### WHAT NEEDS TO BE DONE
In the records below, find the line that contains "Your answer should be compact. 0.98." and the line that contains "Your answer should be very brief. 0.97.". Set down exactly those lines and every line between them, and nothing more.

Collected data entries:
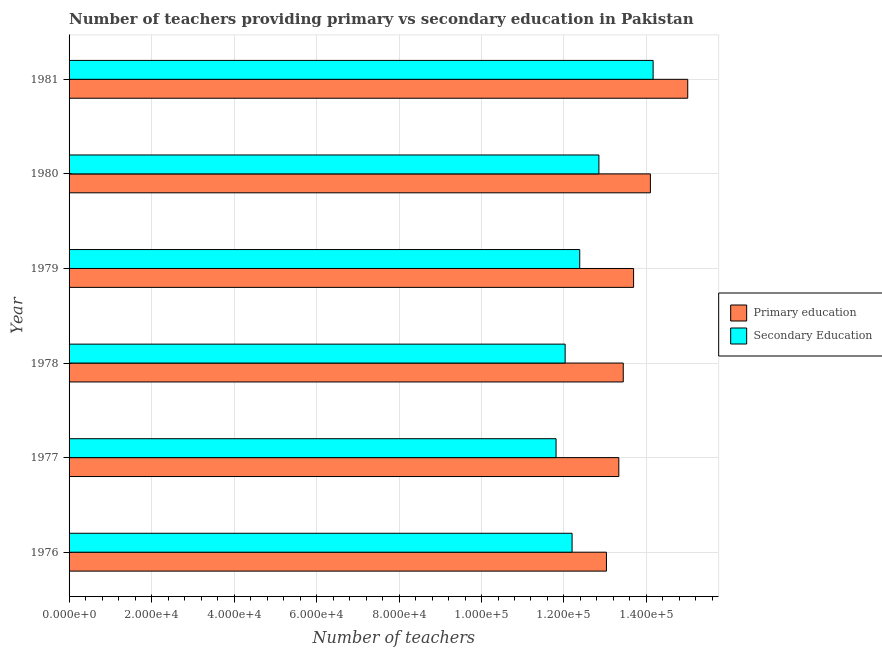How many different coloured bars are there?
Provide a succinct answer. 2. How many bars are there on the 3rd tick from the top?
Your response must be concise. 2. What is the label of the 6th group of bars from the top?
Your answer should be very brief. 1976. What is the number of secondary teachers in 1979?
Offer a very short reply. 1.24e+05. Across all years, what is the maximum number of secondary teachers?
Provide a succinct answer. 1.42e+05. Across all years, what is the minimum number of secondary teachers?
Your answer should be very brief. 1.18e+05. In which year was the number of primary teachers maximum?
Ensure brevity in your answer.  1981. In which year was the number of secondary teachers minimum?
Keep it short and to the point. 1977. What is the total number of primary teachers in the graph?
Offer a very short reply. 8.26e+05. What is the difference between the number of secondary teachers in 1976 and that in 1981?
Ensure brevity in your answer.  -1.97e+04. What is the difference between the number of primary teachers in 1976 and the number of secondary teachers in 1978?
Provide a succinct answer. 1.00e+04. What is the average number of secondary teachers per year?
Make the answer very short. 1.26e+05. In the year 1981, what is the difference between the number of secondary teachers and number of primary teachers?
Offer a very short reply. -8391. What is the ratio of the number of primary teachers in 1977 to that in 1980?
Offer a terse response. 0.95. Is the number of primary teachers in 1977 less than that in 1981?
Give a very brief answer. Yes. What is the difference between the highest and the second highest number of secondary teachers?
Make the answer very short. 1.31e+04. What is the difference between the highest and the lowest number of primary teachers?
Your answer should be very brief. 1.97e+04. In how many years, is the number of secondary teachers greater than the average number of secondary teachers taken over all years?
Your answer should be very brief. 2. Is the sum of the number of primary teachers in 1977 and 1978 greater than the maximum number of secondary teachers across all years?
Give a very brief answer. Yes. What does the 2nd bar from the bottom in 1981 represents?
Ensure brevity in your answer.  Secondary Education. Are the values on the major ticks of X-axis written in scientific E-notation?
Your response must be concise. Yes. Does the graph contain any zero values?
Your response must be concise. No. Does the graph contain grids?
Ensure brevity in your answer.  Yes. What is the title of the graph?
Your answer should be compact. Number of teachers providing primary vs secondary education in Pakistan. What is the label or title of the X-axis?
Offer a very short reply. Number of teachers. What is the label or title of the Y-axis?
Make the answer very short. Year. What is the Number of teachers of Primary education in 1976?
Offer a very short reply. 1.30e+05. What is the Number of teachers of Secondary Education in 1976?
Provide a short and direct response. 1.22e+05. What is the Number of teachers of Primary education in 1977?
Your response must be concise. 1.33e+05. What is the Number of teachers of Secondary Education in 1977?
Give a very brief answer. 1.18e+05. What is the Number of teachers in Primary education in 1978?
Give a very brief answer. 1.34e+05. What is the Number of teachers in Secondary Education in 1978?
Provide a short and direct response. 1.20e+05. What is the Number of teachers of Primary education in 1979?
Your answer should be very brief. 1.37e+05. What is the Number of teachers in Secondary Education in 1979?
Keep it short and to the point. 1.24e+05. What is the Number of teachers of Primary education in 1980?
Give a very brief answer. 1.41e+05. What is the Number of teachers in Secondary Education in 1980?
Your answer should be compact. 1.28e+05. What is the Number of teachers in Primary education in 1981?
Provide a short and direct response. 1.50e+05. What is the Number of teachers in Secondary Education in 1981?
Ensure brevity in your answer.  1.42e+05. Across all years, what is the maximum Number of teachers in Primary education?
Make the answer very short. 1.50e+05. Across all years, what is the maximum Number of teachers of Secondary Education?
Offer a very short reply. 1.42e+05. Across all years, what is the minimum Number of teachers of Primary education?
Offer a very short reply. 1.30e+05. Across all years, what is the minimum Number of teachers in Secondary Education?
Offer a very short reply. 1.18e+05. What is the total Number of teachers of Primary education in the graph?
Give a very brief answer. 8.26e+05. What is the total Number of teachers of Secondary Education in the graph?
Provide a short and direct response. 7.54e+05. What is the difference between the Number of teachers of Primary education in 1976 and that in 1977?
Your answer should be compact. -3000. What is the difference between the Number of teachers in Secondary Education in 1976 and that in 1977?
Ensure brevity in your answer.  3885. What is the difference between the Number of teachers of Primary education in 1976 and that in 1978?
Your answer should be very brief. -4075. What is the difference between the Number of teachers in Secondary Education in 1976 and that in 1978?
Your response must be concise. 1681. What is the difference between the Number of teachers in Primary education in 1976 and that in 1979?
Offer a terse response. -6581. What is the difference between the Number of teachers in Secondary Education in 1976 and that in 1979?
Your answer should be very brief. -1855. What is the difference between the Number of teachers of Primary education in 1976 and that in 1980?
Your answer should be very brief. -1.07e+04. What is the difference between the Number of teachers in Secondary Education in 1976 and that in 1980?
Your response must be concise. -6505. What is the difference between the Number of teachers in Primary education in 1976 and that in 1981?
Your answer should be compact. -1.97e+04. What is the difference between the Number of teachers of Secondary Education in 1976 and that in 1981?
Your answer should be very brief. -1.97e+04. What is the difference between the Number of teachers in Primary education in 1977 and that in 1978?
Keep it short and to the point. -1075. What is the difference between the Number of teachers in Secondary Education in 1977 and that in 1978?
Give a very brief answer. -2204. What is the difference between the Number of teachers in Primary education in 1977 and that in 1979?
Make the answer very short. -3581. What is the difference between the Number of teachers of Secondary Education in 1977 and that in 1979?
Your response must be concise. -5740. What is the difference between the Number of teachers in Primary education in 1977 and that in 1980?
Your answer should be compact. -7654. What is the difference between the Number of teachers of Secondary Education in 1977 and that in 1980?
Your response must be concise. -1.04e+04. What is the difference between the Number of teachers in Primary education in 1977 and that in 1981?
Your answer should be very brief. -1.67e+04. What is the difference between the Number of teachers of Secondary Education in 1977 and that in 1981?
Your response must be concise. -2.35e+04. What is the difference between the Number of teachers of Primary education in 1978 and that in 1979?
Ensure brevity in your answer.  -2506. What is the difference between the Number of teachers of Secondary Education in 1978 and that in 1979?
Make the answer very short. -3536. What is the difference between the Number of teachers in Primary education in 1978 and that in 1980?
Offer a terse response. -6579. What is the difference between the Number of teachers of Secondary Education in 1978 and that in 1980?
Your answer should be very brief. -8186. What is the difference between the Number of teachers in Primary education in 1978 and that in 1981?
Give a very brief answer. -1.56e+04. What is the difference between the Number of teachers in Secondary Education in 1978 and that in 1981?
Offer a very short reply. -2.13e+04. What is the difference between the Number of teachers of Primary education in 1979 and that in 1980?
Your answer should be very brief. -4073. What is the difference between the Number of teachers in Secondary Education in 1979 and that in 1980?
Keep it short and to the point. -4650. What is the difference between the Number of teachers of Primary education in 1979 and that in 1981?
Offer a terse response. -1.31e+04. What is the difference between the Number of teachers of Secondary Education in 1979 and that in 1981?
Keep it short and to the point. -1.78e+04. What is the difference between the Number of teachers in Primary education in 1980 and that in 1981?
Your answer should be compact. -9055. What is the difference between the Number of teachers of Secondary Education in 1980 and that in 1981?
Offer a terse response. -1.31e+04. What is the difference between the Number of teachers of Primary education in 1976 and the Number of teachers of Secondary Education in 1977?
Keep it short and to the point. 1.22e+04. What is the difference between the Number of teachers of Primary education in 1976 and the Number of teachers of Secondary Education in 1978?
Provide a short and direct response. 1.00e+04. What is the difference between the Number of teachers of Primary education in 1976 and the Number of teachers of Secondary Education in 1979?
Ensure brevity in your answer.  6478. What is the difference between the Number of teachers in Primary education in 1976 and the Number of teachers in Secondary Education in 1980?
Keep it short and to the point. 1828. What is the difference between the Number of teachers in Primary education in 1976 and the Number of teachers in Secondary Education in 1981?
Provide a short and direct response. -1.13e+04. What is the difference between the Number of teachers of Primary education in 1977 and the Number of teachers of Secondary Education in 1978?
Keep it short and to the point. 1.30e+04. What is the difference between the Number of teachers of Primary education in 1977 and the Number of teachers of Secondary Education in 1979?
Offer a terse response. 9478. What is the difference between the Number of teachers of Primary education in 1977 and the Number of teachers of Secondary Education in 1980?
Offer a very short reply. 4828. What is the difference between the Number of teachers of Primary education in 1977 and the Number of teachers of Secondary Education in 1981?
Give a very brief answer. -8318. What is the difference between the Number of teachers in Primary education in 1978 and the Number of teachers in Secondary Education in 1979?
Offer a terse response. 1.06e+04. What is the difference between the Number of teachers of Primary education in 1978 and the Number of teachers of Secondary Education in 1980?
Give a very brief answer. 5903. What is the difference between the Number of teachers in Primary education in 1978 and the Number of teachers in Secondary Education in 1981?
Keep it short and to the point. -7243. What is the difference between the Number of teachers in Primary education in 1979 and the Number of teachers in Secondary Education in 1980?
Keep it short and to the point. 8409. What is the difference between the Number of teachers in Primary education in 1979 and the Number of teachers in Secondary Education in 1981?
Provide a succinct answer. -4737. What is the difference between the Number of teachers of Primary education in 1980 and the Number of teachers of Secondary Education in 1981?
Keep it short and to the point. -664. What is the average Number of teachers in Primary education per year?
Provide a short and direct response. 1.38e+05. What is the average Number of teachers of Secondary Education per year?
Offer a terse response. 1.26e+05. In the year 1976, what is the difference between the Number of teachers of Primary education and Number of teachers of Secondary Education?
Your response must be concise. 8333. In the year 1977, what is the difference between the Number of teachers of Primary education and Number of teachers of Secondary Education?
Make the answer very short. 1.52e+04. In the year 1978, what is the difference between the Number of teachers of Primary education and Number of teachers of Secondary Education?
Make the answer very short. 1.41e+04. In the year 1979, what is the difference between the Number of teachers in Primary education and Number of teachers in Secondary Education?
Offer a very short reply. 1.31e+04. In the year 1980, what is the difference between the Number of teachers of Primary education and Number of teachers of Secondary Education?
Offer a terse response. 1.25e+04. In the year 1981, what is the difference between the Number of teachers in Primary education and Number of teachers in Secondary Education?
Offer a terse response. 8391. What is the ratio of the Number of teachers in Primary education in 1976 to that in 1977?
Give a very brief answer. 0.98. What is the ratio of the Number of teachers of Secondary Education in 1976 to that in 1977?
Give a very brief answer. 1.03. What is the ratio of the Number of teachers in Primary education in 1976 to that in 1978?
Offer a terse response. 0.97. What is the ratio of the Number of teachers in Primary education in 1976 to that in 1979?
Your answer should be very brief. 0.95. What is the ratio of the Number of teachers in Secondary Education in 1976 to that in 1979?
Keep it short and to the point. 0.98. What is the ratio of the Number of teachers of Primary education in 1976 to that in 1980?
Your answer should be compact. 0.92. What is the ratio of the Number of teachers in Secondary Education in 1976 to that in 1980?
Provide a succinct answer. 0.95. What is the ratio of the Number of teachers of Primary education in 1976 to that in 1981?
Keep it short and to the point. 0.87. What is the ratio of the Number of teachers of Secondary Education in 1976 to that in 1981?
Your response must be concise. 0.86. What is the ratio of the Number of teachers in Primary education in 1977 to that in 1978?
Offer a very short reply. 0.99. What is the ratio of the Number of teachers in Secondary Education in 1977 to that in 1978?
Your answer should be compact. 0.98. What is the ratio of the Number of teachers of Primary education in 1977 to that in 1979?
Your answer should be very brief. 0.97. What is the ratio of the Number of teachers in Secondary Education in 1977 to that in 1979?
Keep it short and to the point. 0.95. What is the ratio of the Number of teachers in Primary education in 1977 to that in 1980?
Your answer should be compact. 0.95. What is the ratio of the Number of teachers in Secondary Education in 1977 to that in 1980?
Your answer should be compact. 0.92. What is the ratio of the Number of teachers of Primary education in 1977 to that in 1981?
Your answer should be compact. 0.89. What is the ratio of the Number of teachers of Secondary Education in 1977 to that in 1981?
Provide a short and direct response. 0.83. What is the ratio of the Number of teachers in Primary education in 1978 to that in 1979?
Provide a short and direct response. 0.98. What is the ratio of the Number of teachers of Secondary Education in 1978 to that in 1979?
Ensure brevity in your answer.  0.97. What is the ratio of the Number of teachers in Primary education in 1978 to that in 1980?
Keep it short and to the point. 0.95. What is the ratio of the Number of teachers of Secondary Education in 1978 to that in 1980?
Your answer should be very brief. 0.94. What is the ratio of the Number of teachers of Primary education in 1978 to that in 1981?
Your response must be concise. 0.9. What is the ratio of the Number of teachers in Secondary Education in 1978 to that in 1981?
Your answer should be very brief. 0.85. What is the ratio of the Number of teachers in Primary education in 1979 to that in 1980?
Offer a very short reply. 0.97. What is the ratio of the Number of teachers in Secondary Education in 1979 to that in 1980?
Offer a terse response. 0.96. What is the ratio of the Number of teachers of Primary education in 1979 to that in 1981?
Your response must be concise. 0.91. What is the ratio of the Number of teachers in Secondary Education in 1979 to that in 1981?
Ensure brevity in your answer.  0.87. What is the ratio of the Number of teachers of Primary education in 1980 to that in 1981?
Make the answer very short. 0.94. What is the ratio of the Number of teachers in Secondary Education in 1980 to that in 1981?
Your response must be concise. 0.91. What is the difference between the highest and the second highest Number of teachers of Primary education?
Your answer should be compact. 9055. What is the difference between the highest and the second highest Number of teachers of Secondary Education?
Offer a terse response. 1.31e+04. What is the difference between the highest and the lowest Number of teachers in Primary education?
Keep it short and to the point. 1.97e+04. What is the difference between the highest and the lowest Number of teachers of Secondary Education?
Your response must be concise. 2.35e+04. 
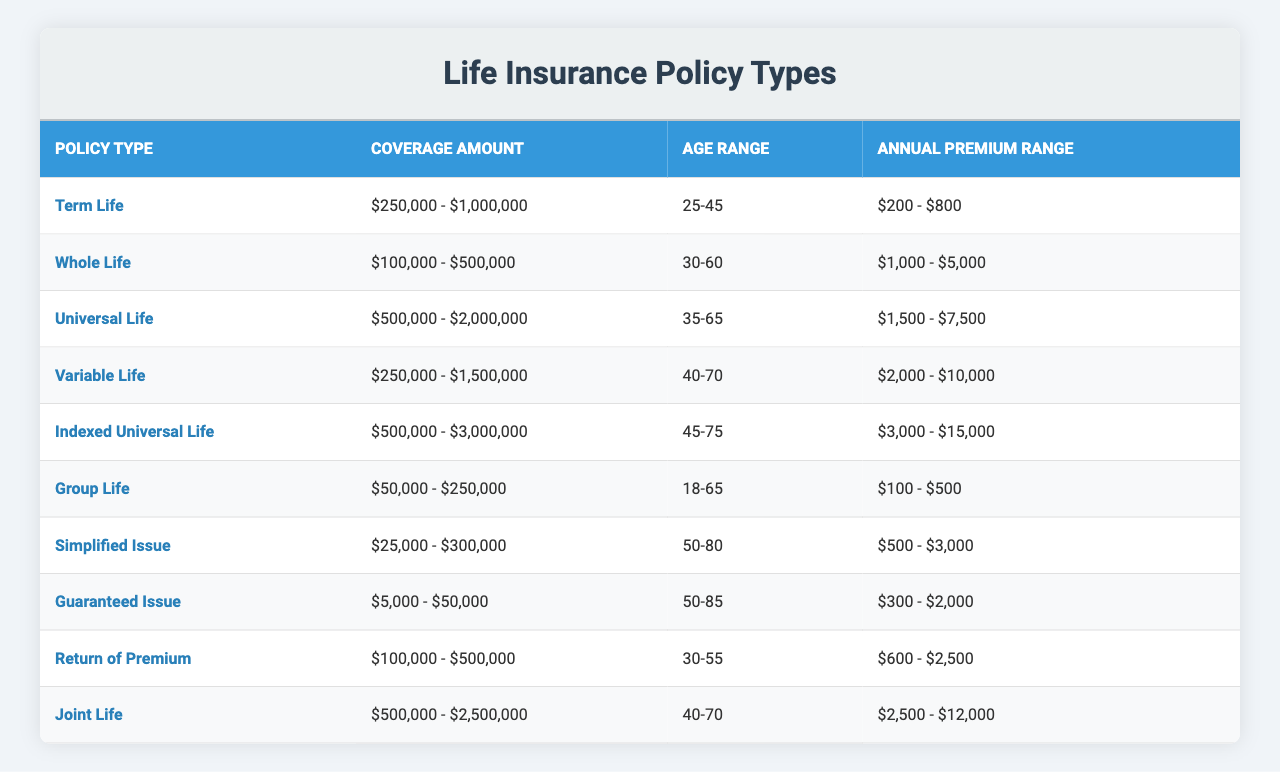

### REPLY
Your answer should be compact. 0.98. What is the ratio of the Number of teachers of Primary education in 1977 to that in 1979?
Your answer should be very brief. 0.97. What is the ratio of the Number of teachers in Secondary Education in 1977 to that in 1979?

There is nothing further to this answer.